Yemden yararlanmada azalma, zayıflama ve süt veriminde azalma.
Tanı
Hypodermosis tanısında iki önemli metod kullanılmaktadır.
- Sırt derisi altındaki larvaların oluşturduğu şişliklerin palpasyonu: Deriye uygulanan palpasyonun her ay tekrarlanması ve beş ay devam etmesi gerekmektedir. Böylelikle larvaların üçüncü dönemlerini bulmamız mümkün olabilmektedir.
- Elisa, serum presipitasyon, komplement fiksasyon gibi immunodiagnostik çalışmaların uygulanması: İmmunolojik testlerin, kış aylarında alınan serum ve süt örneklerinden yapılması gerekmektedir.
Ayırıcı Tanı
- Deri altı kistler ile karışabilirse de, nodüllerin delinmesi ve içlerinde larvaların çıkması ile ayrılır.
Tedavi
Tedavide çeşitli preperatlar kullanılmaktadır. Bunların içinde en önemlileri ivermektin, doramektin, moksidektin, eprinomectin gibi 1 ml/ 50 kg doz hesabıyla subkutan yolla kullanılan preperatlardır. Bunun dışında yıkama, püskürtme, banyo ve dahilen uygulanan triklorfon içeren preperatlarda kullalıbilir.
İlacı uygulama zamanı olarak 2 farklı durum vardır. Bunlar;
- Erken Tedavi: En etkili tedavi yöntemidir. Larvalar göç yerine gelmeden öldürmektir. Bu amaçla ekim ayında sistemik etkili ilaçlar kullanılmaktadır.

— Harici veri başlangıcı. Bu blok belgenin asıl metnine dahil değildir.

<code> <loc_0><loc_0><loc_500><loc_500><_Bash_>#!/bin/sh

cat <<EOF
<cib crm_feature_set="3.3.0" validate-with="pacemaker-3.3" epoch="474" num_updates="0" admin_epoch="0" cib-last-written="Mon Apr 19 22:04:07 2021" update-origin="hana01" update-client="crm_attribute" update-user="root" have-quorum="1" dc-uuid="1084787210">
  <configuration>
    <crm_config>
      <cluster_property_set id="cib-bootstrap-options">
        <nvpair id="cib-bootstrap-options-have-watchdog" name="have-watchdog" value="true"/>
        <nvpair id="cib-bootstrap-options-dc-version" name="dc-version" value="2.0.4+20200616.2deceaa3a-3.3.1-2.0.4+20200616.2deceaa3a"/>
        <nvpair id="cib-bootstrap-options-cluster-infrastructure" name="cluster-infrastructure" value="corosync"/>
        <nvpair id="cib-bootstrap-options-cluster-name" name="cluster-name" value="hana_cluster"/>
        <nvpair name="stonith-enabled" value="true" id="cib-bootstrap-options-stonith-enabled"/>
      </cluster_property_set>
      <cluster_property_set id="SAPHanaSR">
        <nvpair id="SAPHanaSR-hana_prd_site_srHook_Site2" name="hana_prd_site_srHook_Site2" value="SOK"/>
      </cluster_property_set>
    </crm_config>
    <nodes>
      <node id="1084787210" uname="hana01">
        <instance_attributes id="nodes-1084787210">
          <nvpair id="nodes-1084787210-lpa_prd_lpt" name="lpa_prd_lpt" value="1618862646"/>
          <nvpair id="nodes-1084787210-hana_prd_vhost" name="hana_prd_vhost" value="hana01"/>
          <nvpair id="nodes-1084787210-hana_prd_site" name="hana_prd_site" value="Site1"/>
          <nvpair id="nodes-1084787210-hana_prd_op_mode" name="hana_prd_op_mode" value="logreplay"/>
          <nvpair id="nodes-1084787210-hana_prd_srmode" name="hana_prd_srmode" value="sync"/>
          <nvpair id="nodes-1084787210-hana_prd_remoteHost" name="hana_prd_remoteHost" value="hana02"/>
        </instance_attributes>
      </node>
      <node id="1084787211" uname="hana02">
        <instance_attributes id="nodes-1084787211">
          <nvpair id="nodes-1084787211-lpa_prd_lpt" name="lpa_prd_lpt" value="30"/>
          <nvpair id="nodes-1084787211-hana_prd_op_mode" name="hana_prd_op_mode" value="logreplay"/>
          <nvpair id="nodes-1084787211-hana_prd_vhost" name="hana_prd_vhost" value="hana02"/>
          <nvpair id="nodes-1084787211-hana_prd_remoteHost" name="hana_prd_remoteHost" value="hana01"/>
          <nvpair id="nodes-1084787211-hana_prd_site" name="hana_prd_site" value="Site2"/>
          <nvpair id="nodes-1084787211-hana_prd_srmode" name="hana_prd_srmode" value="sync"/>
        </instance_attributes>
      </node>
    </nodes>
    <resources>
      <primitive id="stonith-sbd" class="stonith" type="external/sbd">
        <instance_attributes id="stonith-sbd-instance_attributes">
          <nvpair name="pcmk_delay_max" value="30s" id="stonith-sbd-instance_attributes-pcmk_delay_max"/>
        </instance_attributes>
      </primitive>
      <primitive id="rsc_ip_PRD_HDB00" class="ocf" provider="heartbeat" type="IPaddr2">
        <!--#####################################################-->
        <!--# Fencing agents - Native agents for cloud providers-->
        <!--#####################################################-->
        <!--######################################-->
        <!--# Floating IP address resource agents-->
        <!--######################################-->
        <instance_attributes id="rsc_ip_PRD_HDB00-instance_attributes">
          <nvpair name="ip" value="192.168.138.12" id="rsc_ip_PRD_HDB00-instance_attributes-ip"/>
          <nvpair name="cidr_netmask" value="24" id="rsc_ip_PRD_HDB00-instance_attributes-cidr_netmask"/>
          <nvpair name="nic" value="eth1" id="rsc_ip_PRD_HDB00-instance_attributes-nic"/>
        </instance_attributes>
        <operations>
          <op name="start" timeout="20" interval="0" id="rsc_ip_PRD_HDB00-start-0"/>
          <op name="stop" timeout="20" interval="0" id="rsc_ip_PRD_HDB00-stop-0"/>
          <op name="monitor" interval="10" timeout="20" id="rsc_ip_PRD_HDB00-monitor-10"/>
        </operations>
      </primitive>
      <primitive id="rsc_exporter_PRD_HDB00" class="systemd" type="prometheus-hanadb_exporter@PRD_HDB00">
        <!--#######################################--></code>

- İlkbahar Uygulaması: Bu tedavi daha az tercih edilir. Sebep olarak artık larvalar göçü tamamlamış ve yapacağı zararı yapmıştır.
Korunma
Erişkin sineklere karşı insektisit emdirilmiş ayak bandları veya kulak plakları uygulanmalıdır. Kalıcı etkili insektisitlerin arka bacaklara püskürtmesiyle de korunma sağlanabilir. Sonbaharda ve İlkbaharda sistemik etkili ilaçların uygulanması yeni jenerasyonların oluşmasını engellemektedir. Son yıllarda larvalardan elde edilen antijenler sayesinde recombinant DNA teknolojisi ile aşılar elde edilmiştir.